Directed Acyclic Graph (DAG)
What is a Directed Acyclic Graph (DAG)?
Conductor workflows are directed acyclic graphs (DAGs). But, what exactly is a DAG?
To understand a DAG, we'll walk through each term (but not in order):
Graph
A graph is "a collection of vertices (or point) and edges (or lines) that indicate connections between the vertices."
By this definition, this is a graph - just not exactly correct in the context of DAGs:
But in the context of workflows, we're thinking of a graph more like this:
Imagine each vertex as a microservice, and the lines are how the microservices are connected together. However, this graph is not a directed graph - as there is no direction given to each connection.
Directed
A directed graph means that there is a direction to each connection. For example, this graph is directed:
Each arrow has a direction, Point "N" can proceed directly to "B", but "B" cannot proceed to "N" in the opposite direction.
Acyclic
Acyclic means without circular or cyclic paths. In the directed example above, A -> B -> D -> A is a cyclic loop.
So a Directed Acyclic Graph is a set of vertices where the connections are directed without any looping. DAG charts can only "move forward" and cannot redo a step (or series of steps.)
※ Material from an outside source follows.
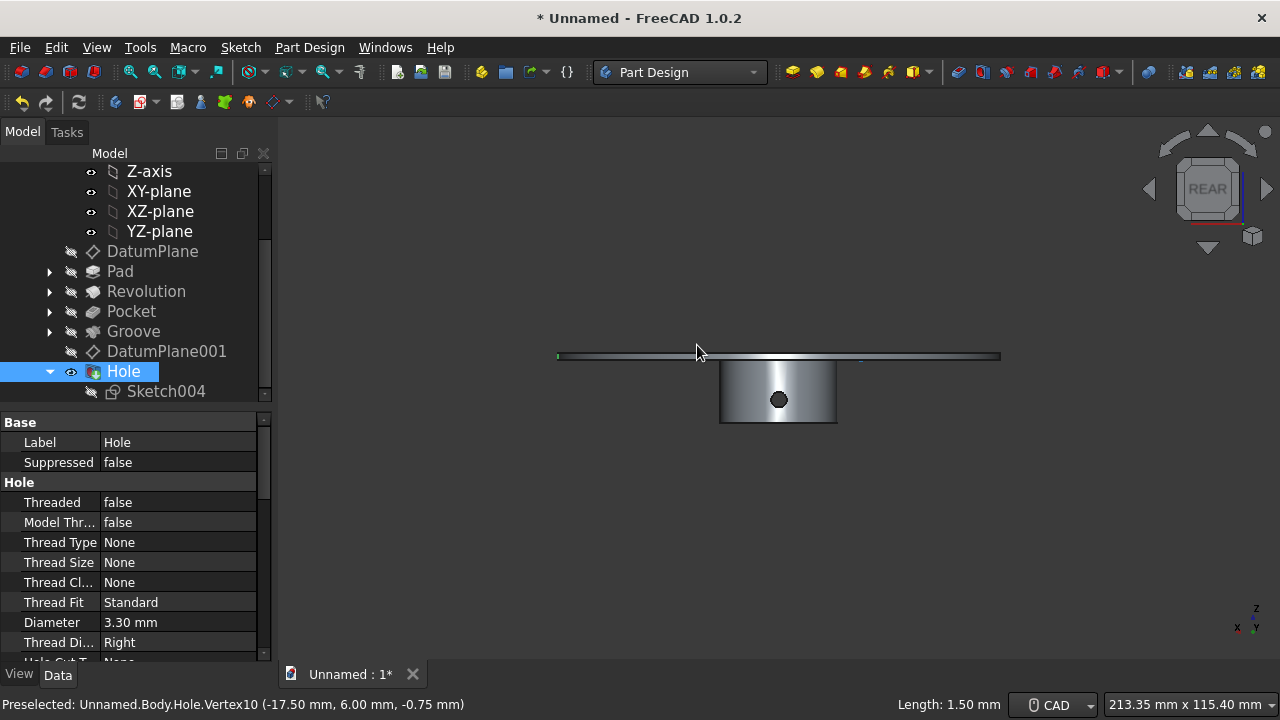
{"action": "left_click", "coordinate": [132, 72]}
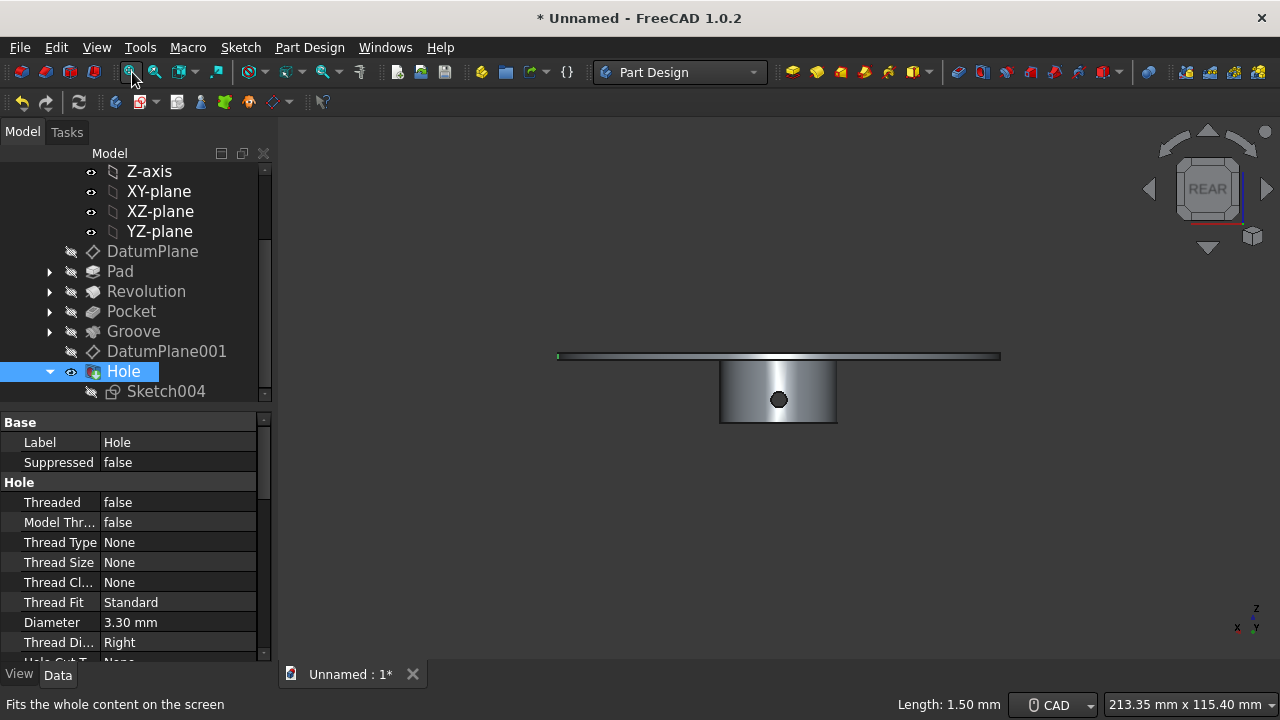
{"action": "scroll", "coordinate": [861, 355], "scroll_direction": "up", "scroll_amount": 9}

Since a Conductor workflow is a series of vertices that can connect in only a specific direction and cannot loop, a Conductor workflow is thus a directed acyclic graph:
Can a workflow have loops and still be a DAG?
Yes. For example, Conductor workflows have Do-While loops:
This is still a DAG, because the loop is just shorthand for running the tasks inside the loop over and over again. For example, if the 2nd loop in the above image is run 3 times, the workflow path will be:
- zero_offset_fix_1
- post_to_orbit_ref_1
- zero_offset_fix_2
- post_to_orbit_ref_2
- zero_offset_fix_3
- post_to_orbit_ref_3
The path is directed forward, and the loop just makes it easier to define the workflow.